Chris Stathopoulos

Personal information
- Date of birth: December 29, 1977 (age 47)
- Place of birth: Montreal, Quebec
- Height: 1.75 m (5 ft 9 in)
- Position(s): Striker

Senior career*
- Years: Team / Apps / (Gls)
- 1997–2000: Montreal Impact / 31 / (0)
- 1997–2000: Montreal Impact (indoor) / 56 / (58)
- 1997–1998: Milwaukee Wave (indoor) / 4 / (1)
- 2000–2001: Toronto ThunderHawks (indoor) / 37 / (40)
- 2001: Montreal Dynamites / 5 / (1)

= Chris Stathopoulos =

Canadian former soccer player (born 1977)

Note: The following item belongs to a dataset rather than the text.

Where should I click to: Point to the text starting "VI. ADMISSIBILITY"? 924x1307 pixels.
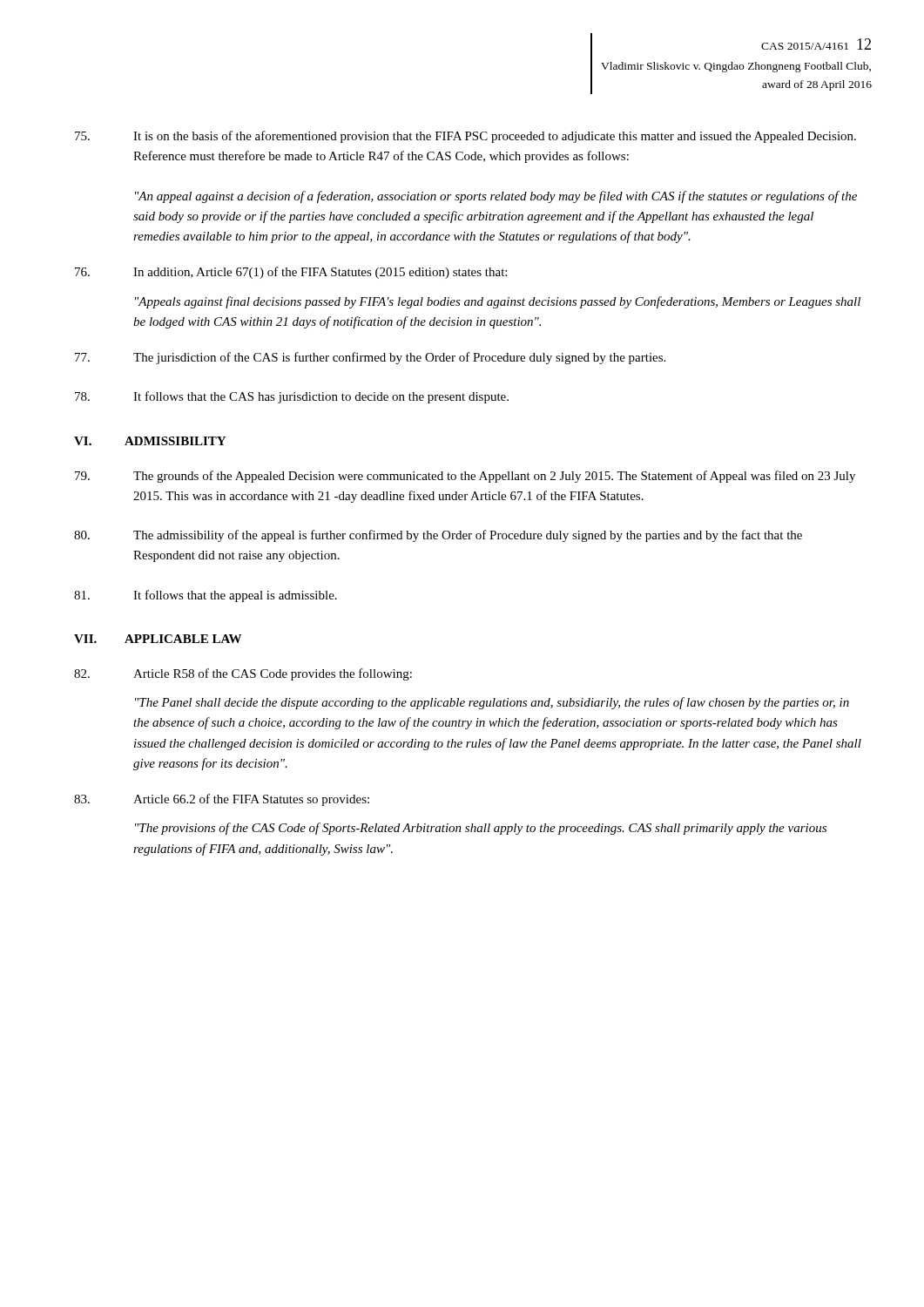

Chris Stathopoulos (born December 29, 1977) is a Canadian former soccer player who played in the USL A-League, National Professional Soccer League, and the Canadian Professional Soccer League.

== Playing career ==
Stathopoulos began his professional career with Montreal Impact in the USL A-League in 1997. During the 1997 season he helped Montreal clinch the Northeast division title, and reach the Division finals where the Long Island Rough Riders defeated them from playoff contention. He also played with Montreal during the indoor season in the National Professional Soccer League. His best season was during the 1999 indoor season where he recorded 42 goals in 43 matches. He finished as the second highest goalscorer for the club that season. He had a stint with Milwaukee Wave in 1997, and won the NPSL Championship with the organization. Stathopoulos next stint at the indoor level was in 2000 this time with the Toronto ThunderHawks. During his tenure with Toronto he finished as the club's second all-time highest goalscorer.

On May 16, 2001, the Montreal Dynamites of the Canadian Professional Soccer League announced the signing of Stathopoulos to a contract. Near the conclusion of the season the organization faced financial difficulties, which resulted in the release of Stathopoulos from his contract after rejecting a pay cut to his salary.